There was a guy who lived next door way back when, a piano player. Heard him playing all the time, he was pretty good. Piano is a lonely life, and certainly was back then in the hard rocking nineties. Guitar players got the girls. He switched to guitar. He’d obviously never played before, and so began the painful process of becoming a rock star. The first thing he did was buy a full length mirror. You could look out our kitchen window and see it through his living room window. You’d be washing the dishes or getting a glass of water and look up and there he’d be checking himself out as he did his little solos. Every day in front of that mirror getting the fingering right and the look down. His favorite song was Life on Mars. In fact his only song was Life on Mars. He noodled through it slowly, cautiously, painfully, artlessly, over and over and over. It’s a god-awful small affair, he’d play, to the girl with the mousy hair. Da da da da da da da da, da da da da da da da da… I’d find my self singing along, slowly, Take a look at the lawman/Beating up the wrong guy/Oh man, wonder if he’ll ever know/ He’s in the best-selling show/ Is there life on—and he’d hang there, and I’d count off eight, or twelve, or even sixteen–Mars?  One, twice, ten times, twenty times, an entire afternoon’s worth of Is there life on………… Mars?

It was enough to drive you mad.

This went on for weeks. Is there life on……………..Mars? Eventually he put together a little trio…a  bassist and a drummer in his living room. They weren’t loud. But they played Life on Mars over and over. They would all three come to a stop, wait, then Mars? They probably played other songs, but all I can remember is Life on Mars. They really worked on that one, he wanted to get it just right. It was their meal ticket. It would make them famous. They’d be stars. Is there life on………………………………. Mars? The women would swoon. It would be the freakiest show.

Then came the Northridge earthquake. It roared in from the Valley at four in the morning. The cats on our bed disappeared, the cat on the floor jumped up on the bed. For endless seconds the quake rocked us about, and just as it seemed like it would last forever it ended. All was silence aside from the chorus of car alarms. We got up to check on the damage. We walked about waving our flashlights but nothing was knocked over, nothing had fallen. We huddled in the dark, waiting for aftershocks and listening to panicky voices on the radio.
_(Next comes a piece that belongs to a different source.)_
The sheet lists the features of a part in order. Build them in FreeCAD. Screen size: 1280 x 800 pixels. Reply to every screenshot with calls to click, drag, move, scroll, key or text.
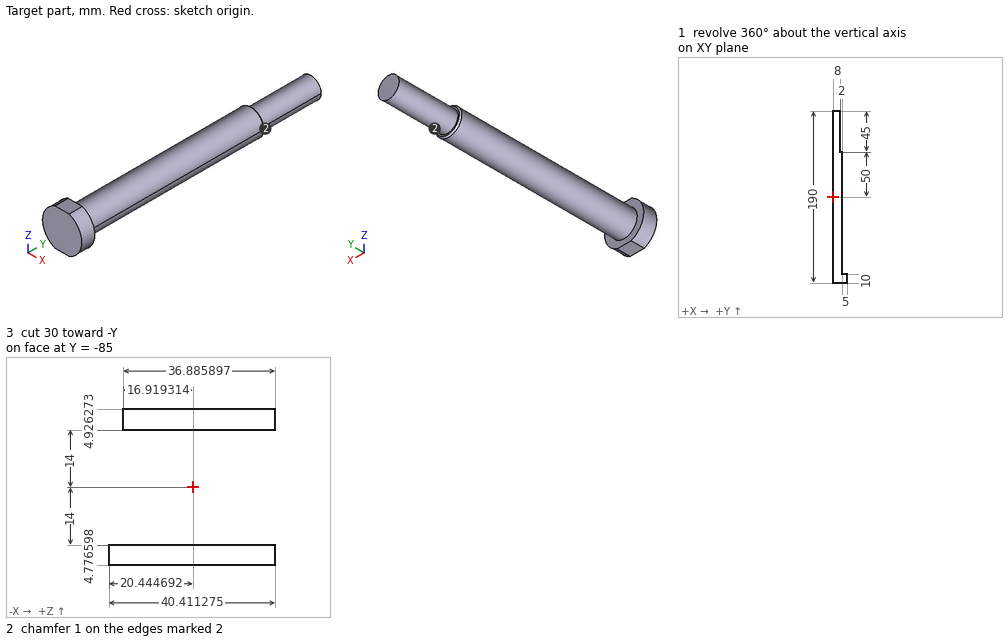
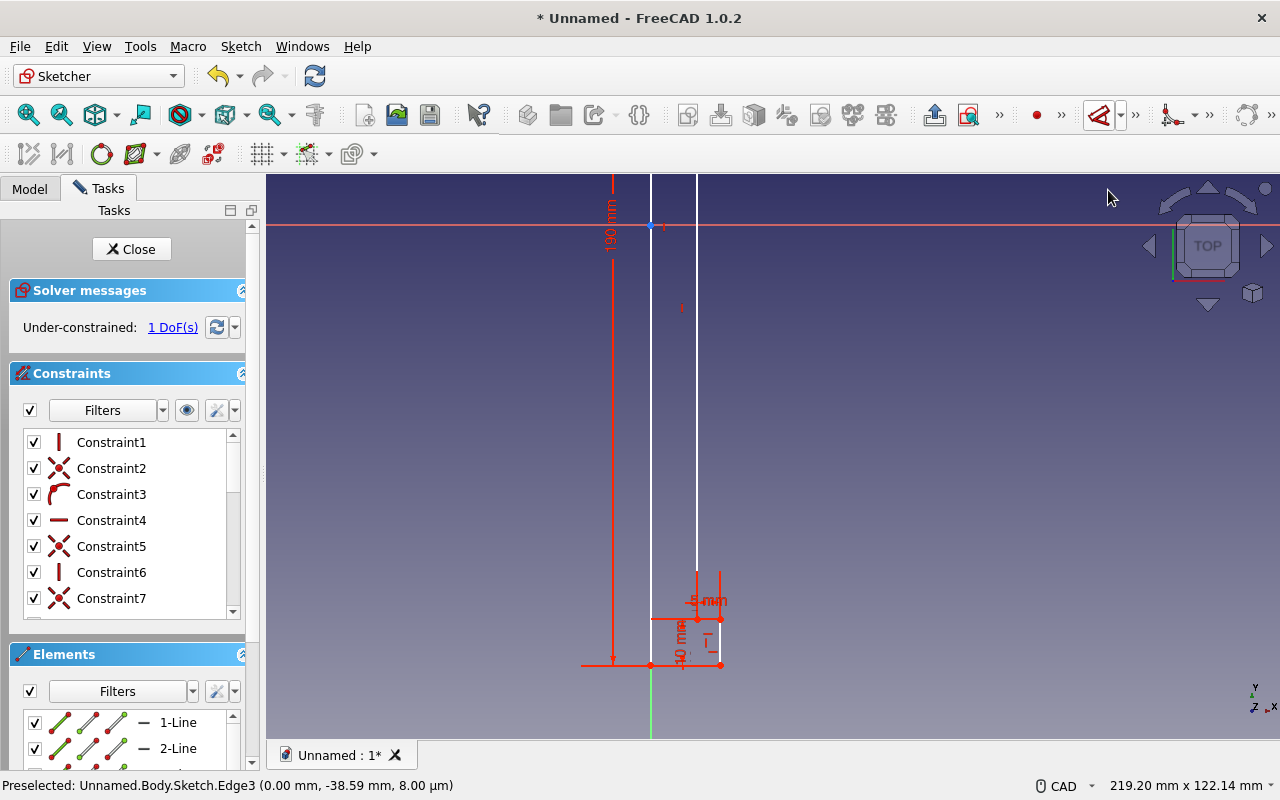
scroll(720, 645, down, 4)

Dawn broke slowly, silently, still. Every few minutes the place would shake. The city was eerily silent. The occasional siren. The smell of distant smoke. Nervous dogs. The mockingbirds started up again. We had no water. No power. No Life on………………………….. Mars? Just wait till the power comes back on, my wife said. I stood at the kitchen sink looking out the window and listening. It was so hushed. The radio said there was destruction everywhere but you couldn’t tell from here. It all seemed the same. Like nothing had fallen down at all. But just then something caught my eye. Or didn’t catch my eye. Something that had been there wasn’t there. The mirror. The mirror was gone. The rock star mirror must have fallen down and shattered into a million pieces.

I never heard another note on the guitar come out of that apartment. Perhaps the earthquake had snapped its neck. Perhaps the falling mirror had busted it into chunks. Perhaps it was an omen. Or maybe playing guitar is no fun without a full length mirror. Whatever. We heard no more guitar. And no more Life on Mars.

After a week or so I heard him back on electric piano. He wasn’t a bad pianist. He’d do pop tunes, some standards, improvise a bit. He’d have no problem picking up lounge gigs. I always assumed that was how he paid his rent. And now, with guitar and mirror most emphatically gone, he went back to worrying about the rent. One night I heard him tinkling through New York, New York. Then through Feelings. He must have landed a new gig. It’s tunes like that that fill tip jars. Might even get a piano player laid.

I wondered about the passionate artist inside him, though. The one who saw the beauty in that endless delay in Life on………………………….. Mars? I admit I couldn’t see the beauty, nor could anyone else I knew who heard it. In fact, most people burst out laughing. Someone said it was like waiting for Jack Benny to say “Well!”, which of course only made it worse. I’d be hearing the guy playing Life on Mars and I’m visualizing Jack Benny being insulted by a chicken. Is there life on…………………… Well!  Still, though, I imagined our neighbor there, in the dark, his rock star career in pieces on the floor. It had been a fun dream while it lasted–he’d even had a girl in there a couple times while he had that mirror–but now he was back to the happy hour grind. All the songs that normal people want to hear when they’re drunk. I heard him going through the Billy Joel songbook one night.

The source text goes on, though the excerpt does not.